We are three months shy of a year apart. I'm not sure if I am happy we made it this far or sad that it's been so long and we still aren't back together.
I try everyday to suck up the "I'm missing yous". But it's always there waiting... for a quiet moment when I am alone...hiding in every one of our daughters smiles...staring me in the face when we go out..I can't escape it.
I need this to be over. I don't think I was prepared for this sacrifice. I knew it would be a process..but I figured six months tops. What's six months to change our lives forever? I can't explain to anyone the feeling...the anticipation...the heartache...the toll this is taking on me. I can't wait to have our family back together. I.can't.wait. Words just don't do the emotion justice. The heaviness in your chest, that sinking feeling that has you ready to hurl...the symptoms that your heart is breaking.

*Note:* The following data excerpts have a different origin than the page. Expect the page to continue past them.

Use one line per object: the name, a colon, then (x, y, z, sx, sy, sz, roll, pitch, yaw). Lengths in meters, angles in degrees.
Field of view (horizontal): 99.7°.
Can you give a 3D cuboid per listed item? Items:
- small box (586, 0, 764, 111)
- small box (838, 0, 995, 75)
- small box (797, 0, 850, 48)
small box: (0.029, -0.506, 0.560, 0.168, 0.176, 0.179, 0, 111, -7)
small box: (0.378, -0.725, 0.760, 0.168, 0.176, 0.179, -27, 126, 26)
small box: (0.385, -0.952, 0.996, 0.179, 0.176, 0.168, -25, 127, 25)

What's most difficult is not having a date....no countdown..nothing to look forward to...no relief in sight..we are just stuck here in this torturous limbo. The uncertainty of our future has me ready to raise my white flag..but I know I can't. You can't give up.... so neither can I.
I am so ready for this separation to be a memory. Until then I can only keep the hope. The hope that our sacrifices are appreciated, worth something, and that they will eventually pay off.
I love you. I miss you. I'm searching for strength. Please come home soon.